[Source data Boundary: Start]

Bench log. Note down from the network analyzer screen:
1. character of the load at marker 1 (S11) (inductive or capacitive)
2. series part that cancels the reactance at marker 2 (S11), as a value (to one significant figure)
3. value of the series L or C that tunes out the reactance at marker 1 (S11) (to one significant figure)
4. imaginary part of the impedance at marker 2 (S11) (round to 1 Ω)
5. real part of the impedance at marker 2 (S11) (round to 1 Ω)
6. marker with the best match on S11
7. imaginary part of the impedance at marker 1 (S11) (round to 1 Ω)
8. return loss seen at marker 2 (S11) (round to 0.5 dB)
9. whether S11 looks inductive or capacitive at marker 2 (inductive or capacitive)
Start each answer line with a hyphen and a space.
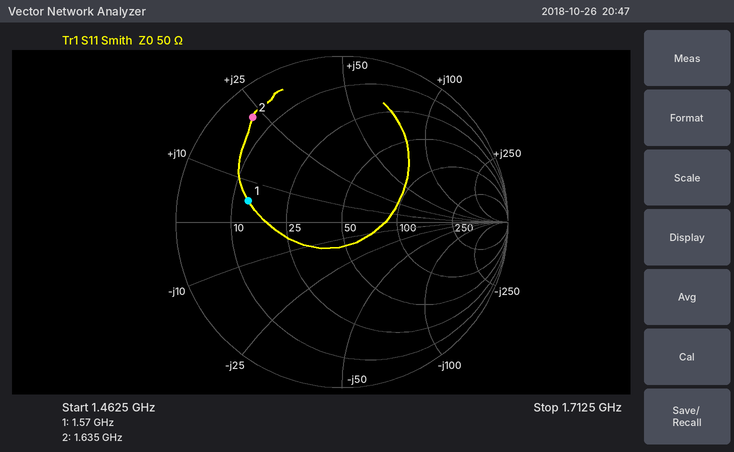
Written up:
- inductive
- 4 pF
- 20 pF
- +23 Ω
- 6 Ω
- marker 1
- +5 Ω
- 1.5 dB
- inductive
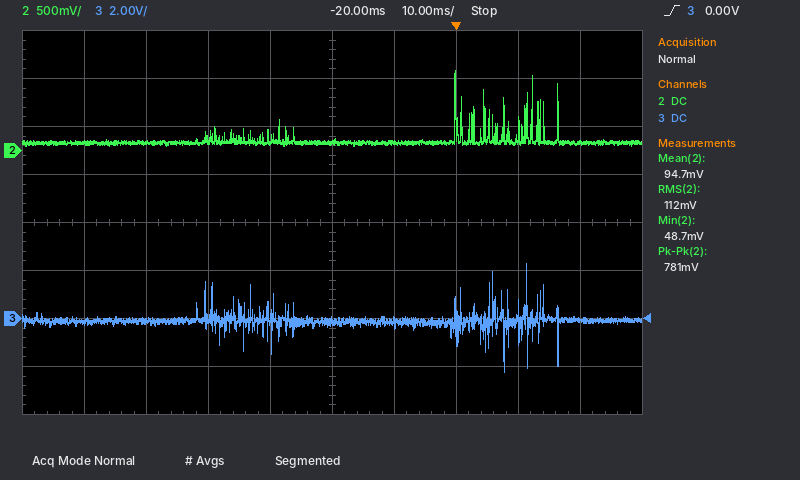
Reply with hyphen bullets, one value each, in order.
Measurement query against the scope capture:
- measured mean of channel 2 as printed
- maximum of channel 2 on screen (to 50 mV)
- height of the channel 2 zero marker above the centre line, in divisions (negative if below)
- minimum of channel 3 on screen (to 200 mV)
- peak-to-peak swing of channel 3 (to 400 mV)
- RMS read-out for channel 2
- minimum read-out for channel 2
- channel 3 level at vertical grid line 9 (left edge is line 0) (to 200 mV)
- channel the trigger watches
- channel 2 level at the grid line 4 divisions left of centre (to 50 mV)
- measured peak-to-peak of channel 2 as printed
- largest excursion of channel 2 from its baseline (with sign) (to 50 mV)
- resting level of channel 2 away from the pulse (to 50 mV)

- 94.7 mV
- 850 mV
- +1.5 div
- -2.2 V
- 4.4 V
- 112 mV
- 48.7 mV
- 0.0 V
- channel 3
- 100 mV
- 781 mV
- +750 mV
- 100 mV

[Source data Boundary: End]

Please copy every line from the entries that includes the word "left".

- channel 3 level at vertical grid line 9 (left edge is line 0) (to 200 mV)
- channel 2 level at the grid line 4 divisions left of centre (to 50 mV)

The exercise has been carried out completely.